Ils se regardèrent en silence durant quelques secondes, puis le chevalier de Reinhold, en sa qualité d’homme expansif et franc, se chargea de rompre la glace ; il se frotta les mains de tout son cœur.

— Allons ! dit-il en montrant du doigt la pendule qui marquait trois heures passées, dans une heure la caisse fermera, et nous l’aurons échappé belle !

— Bah ! fit le jeune M. de Geldberg ; échappé belle !… Comment l’entendez-vous ?

Il avait eu grand’peur, mais il ne s’en souvenait plus.

— J’entends, répliqua Reinhold avec suffisance, que, sans moi, les paiements de la maison seraient vraisemblablement suspendus à l’heure qu’il est.

Abel haussa les épaules.

— Bah ! fit-il encore ; pour ma part je n’ai rien craint du Madgyar Yanos… Le véritable danger était du côté de Van-Praët qui est un homme d’argent… et si la maison était véritablement menacée, c’est moi qui lui ai servi de bouclier.

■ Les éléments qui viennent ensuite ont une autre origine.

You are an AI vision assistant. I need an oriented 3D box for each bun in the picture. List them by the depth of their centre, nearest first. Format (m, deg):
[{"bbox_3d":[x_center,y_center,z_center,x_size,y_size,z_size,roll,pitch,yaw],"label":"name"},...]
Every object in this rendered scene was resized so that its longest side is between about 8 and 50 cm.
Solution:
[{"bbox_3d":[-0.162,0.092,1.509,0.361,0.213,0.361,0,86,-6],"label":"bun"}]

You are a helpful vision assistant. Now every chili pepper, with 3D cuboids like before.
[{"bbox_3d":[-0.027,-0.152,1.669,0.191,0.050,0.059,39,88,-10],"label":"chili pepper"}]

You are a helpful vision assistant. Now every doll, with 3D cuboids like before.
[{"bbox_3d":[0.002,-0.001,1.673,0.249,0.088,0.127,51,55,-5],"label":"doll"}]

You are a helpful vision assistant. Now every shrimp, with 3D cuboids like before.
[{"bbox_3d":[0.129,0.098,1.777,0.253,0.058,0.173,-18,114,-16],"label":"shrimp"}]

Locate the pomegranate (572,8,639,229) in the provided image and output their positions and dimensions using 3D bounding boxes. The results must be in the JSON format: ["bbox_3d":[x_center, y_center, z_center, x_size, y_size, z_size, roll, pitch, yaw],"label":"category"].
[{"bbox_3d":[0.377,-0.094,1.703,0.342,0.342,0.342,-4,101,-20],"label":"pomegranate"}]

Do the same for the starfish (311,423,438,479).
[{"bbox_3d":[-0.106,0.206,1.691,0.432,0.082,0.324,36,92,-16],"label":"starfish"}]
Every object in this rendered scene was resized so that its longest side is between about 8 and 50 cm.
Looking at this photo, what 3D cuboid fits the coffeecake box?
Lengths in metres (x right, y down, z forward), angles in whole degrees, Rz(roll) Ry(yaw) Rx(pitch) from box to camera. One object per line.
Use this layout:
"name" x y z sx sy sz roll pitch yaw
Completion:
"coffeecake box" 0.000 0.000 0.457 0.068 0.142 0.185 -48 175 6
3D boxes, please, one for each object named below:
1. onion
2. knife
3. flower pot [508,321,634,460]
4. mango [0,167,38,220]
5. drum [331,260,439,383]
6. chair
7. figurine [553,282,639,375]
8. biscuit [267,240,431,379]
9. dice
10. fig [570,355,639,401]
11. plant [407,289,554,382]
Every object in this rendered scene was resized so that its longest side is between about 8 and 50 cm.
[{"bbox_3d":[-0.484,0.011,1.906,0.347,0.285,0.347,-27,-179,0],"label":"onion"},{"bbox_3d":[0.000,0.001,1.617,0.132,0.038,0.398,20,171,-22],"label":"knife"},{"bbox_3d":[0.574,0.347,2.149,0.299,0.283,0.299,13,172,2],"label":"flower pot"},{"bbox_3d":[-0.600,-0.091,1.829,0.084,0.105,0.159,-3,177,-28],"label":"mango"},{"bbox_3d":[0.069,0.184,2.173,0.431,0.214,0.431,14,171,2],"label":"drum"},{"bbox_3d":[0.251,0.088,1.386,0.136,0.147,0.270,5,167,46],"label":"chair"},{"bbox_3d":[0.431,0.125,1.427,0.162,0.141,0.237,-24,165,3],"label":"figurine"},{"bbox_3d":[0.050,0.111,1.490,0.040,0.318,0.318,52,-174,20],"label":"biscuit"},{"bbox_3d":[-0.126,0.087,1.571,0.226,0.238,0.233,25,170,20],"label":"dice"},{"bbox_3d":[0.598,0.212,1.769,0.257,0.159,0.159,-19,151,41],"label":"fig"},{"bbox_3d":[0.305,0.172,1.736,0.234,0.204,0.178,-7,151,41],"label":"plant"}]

— Mon jeune ami, répliqua Reinhold avec un salut ironique, je n’attendais pas moins de votre modestie éclairée.

La discussion allait s’échauffer.

— Modérez-vous, Messieurs, dit le docteur ; le temps passe, il est vrai, mais jusqu’au coup de quatre heures bien des choses peuvent arriver !…

— Nous sommes gardés du côté du Madgyar, s’écria Reinhold.

— En êtes-vous bien sûr ?

— Parfaitement sûr.

— Et nous n’avons rien à craindre de meinnerr Van-Praët, prononça fièrement Abel.

— C’est une chose certaine ? demanda le docteur.